Taiwanese cinematographer (1930–2025)

Lin Tsan-ting (林贊庭 (Lín Zàntíng); 22 March 1930 – 14 March 2025) was a Taiwanese cinematographer known for his extensive contributions to Taiwanese cinema. Born in Fengyuan District, Taichung, Taiwan, he began his career in 1949 as an apprentice at the Agricultural Education Motion Pictures studio, which later evolved into the Central Motion Picture Corporation. Throughout his career, Lin worked on over 130 films, earning multiple accolades, including four Golden Horse Awards for Best Cinematography and the Asia Pacific Film Festival Award for Best Cinematography.
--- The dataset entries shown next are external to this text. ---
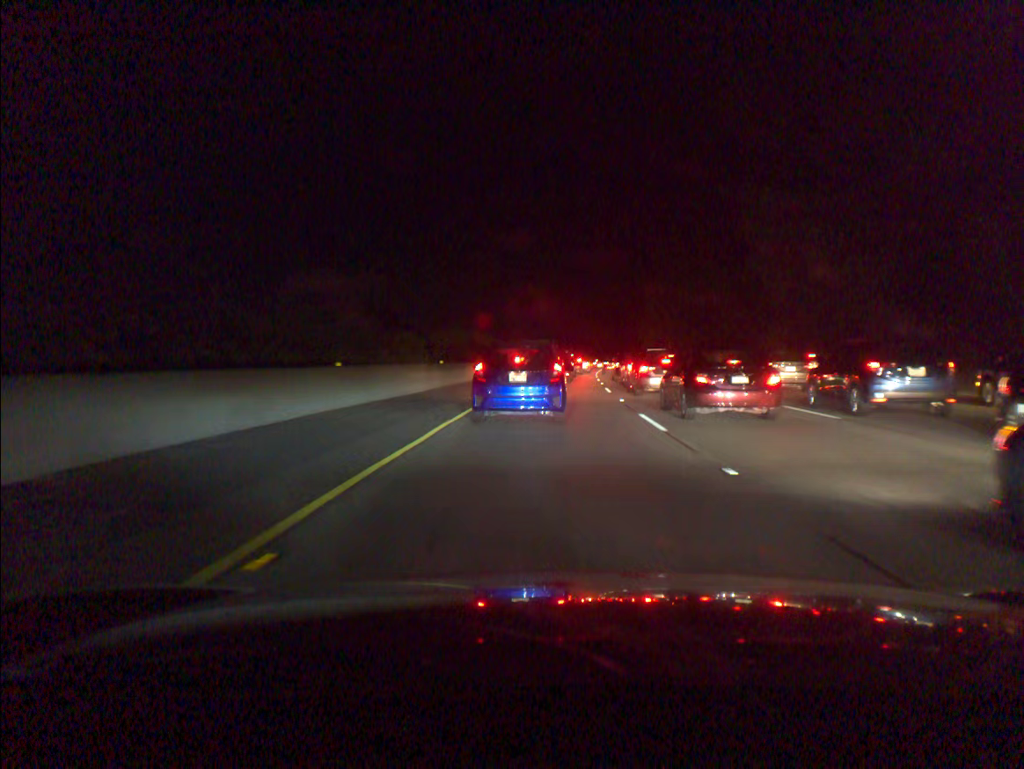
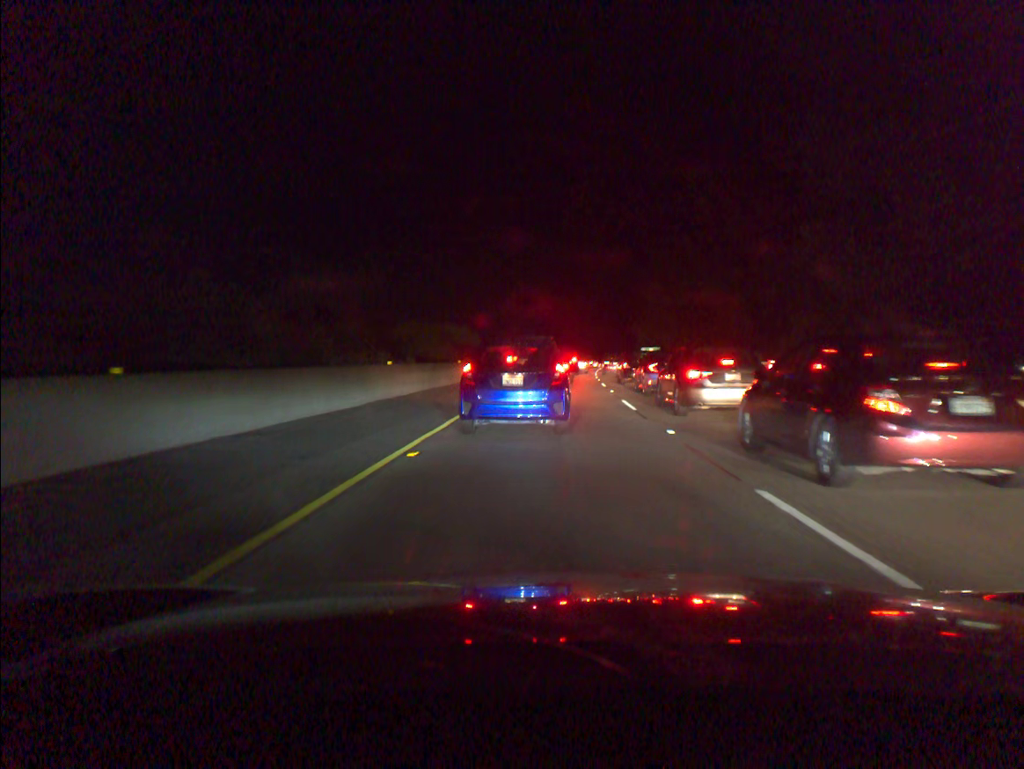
(0.0, +9.6) m; +1°
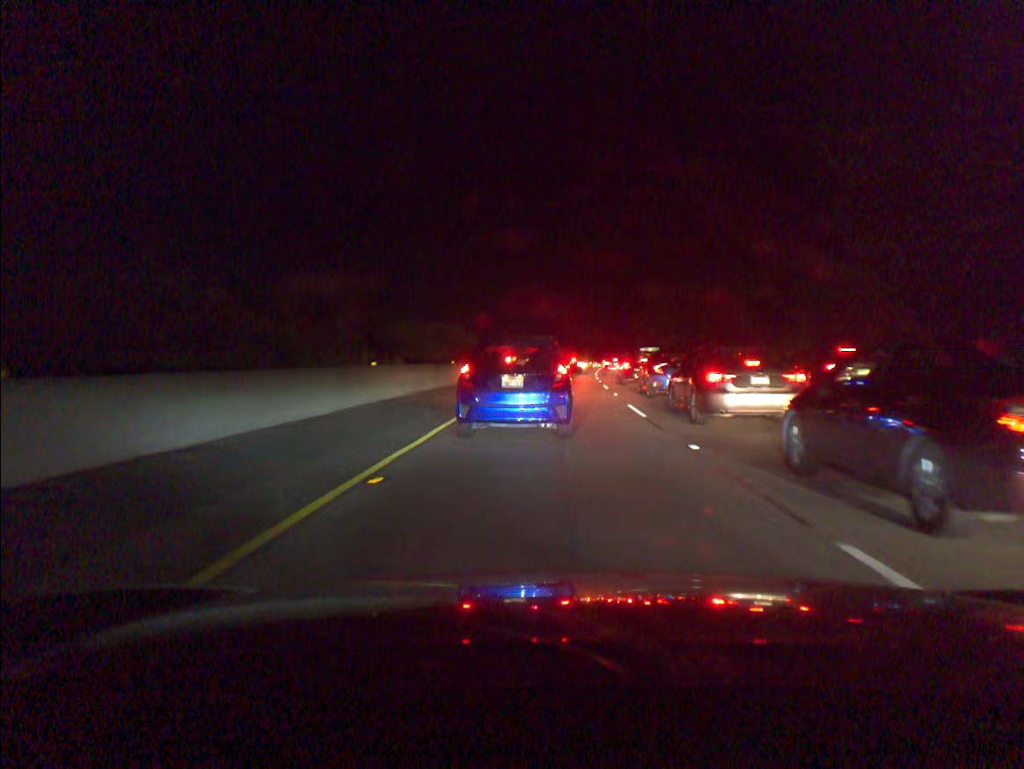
(0.0, +2.0) m; 0°
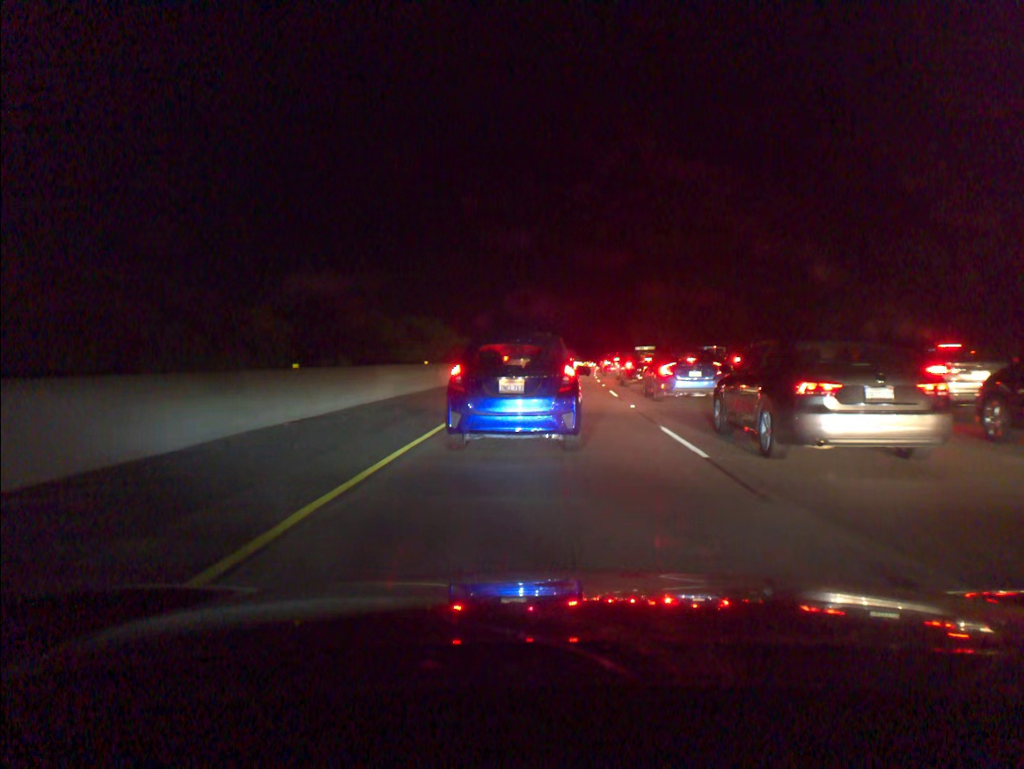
(+0.1, +6.5) m; +1°
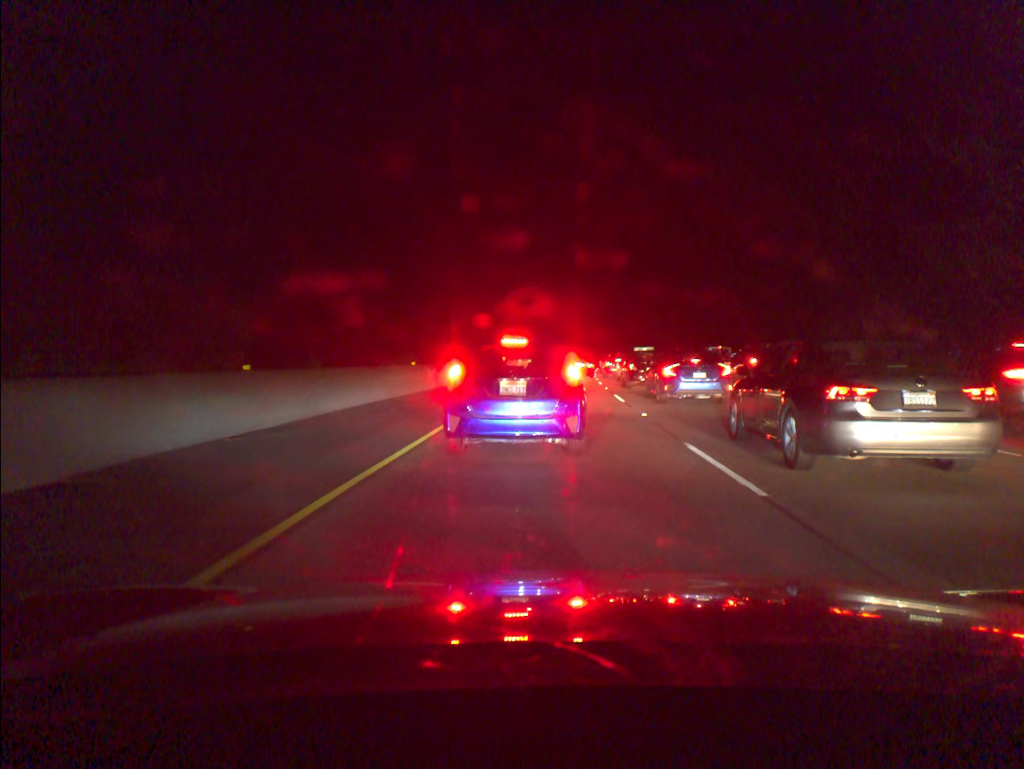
(0.0, +2.5) m; 0°
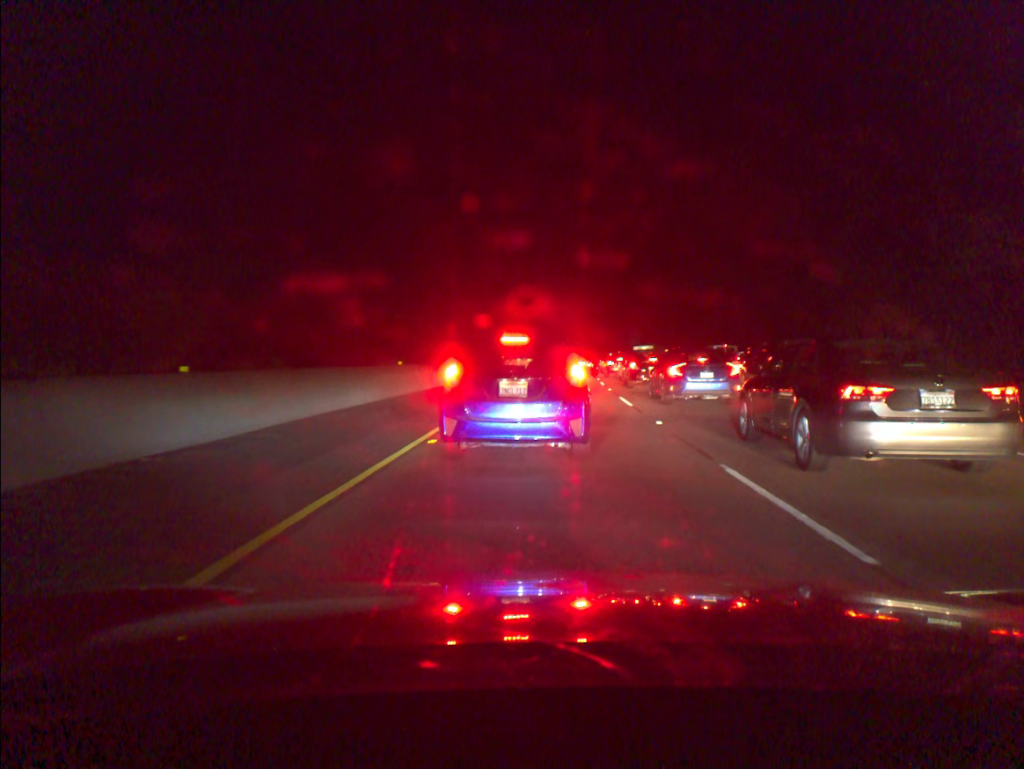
(0.0, +2.2) m; +1°

In 2021, he received the Golden Horse Lifetime Achievement Award, becoming the first cinematographer to be so honored. Lin played a large role in transitioning Taiwan's film industry from black-and-white to color production and mentored many aspiring cinematographers.

== Early life ==
Lin Tsan-ting was born on 22 March 1930, in Fengyuan District, Taichung, Taiwan. After graduating from high school, he began his filmmaking career in 1949 as an apprentice at the Agricultural Education Film Studio, the predecessor of the Central Motion Picture Corporation (CMPC).

== Career ==
Over the course of his six-decade career, Lin worked on more than 130 films, collaborating with director Pai Ching-jui on several notable projects, such as Lonely Seventeen ("寂寞的十七歲") and Home Sweet Home ("家在台北"). His exceptional cinematography earned him multiple accolades, including four Golden Horse Awards for Best Cinematography and the Asia Pacific Film Festival Award for Best Cinematography for Falling Snowflakes ("雪花片片"). In 2021, at the age of 91, Lin was honored with the Golden Horse Lifetime Achievement Award, becoming the first cinematographer to receive this recognition.

== Personal life ==
Lin Tsan-ting had one son, Jong Lin in 1958 who also became a notable cinematographer in Taiwan.

== Death ==
Lin died from a heart attack on 14 March 2025, at the age of 94.

== Legacy ==
Beyond his cinematic achievements, Lin Tsan-ting played a crucial role in advancing Taiwan's transition from black-and-white to color film production, helping shape the industry during this transformative period. He founded the I-feng Film Studio ("益豐片廠") and served as president of the Chinese Society of Cinematographers. Lin also authored An Overview of Taiwanese Cinematography Development, 1945-1970, a work documenting the evolution of film production in Taiwan.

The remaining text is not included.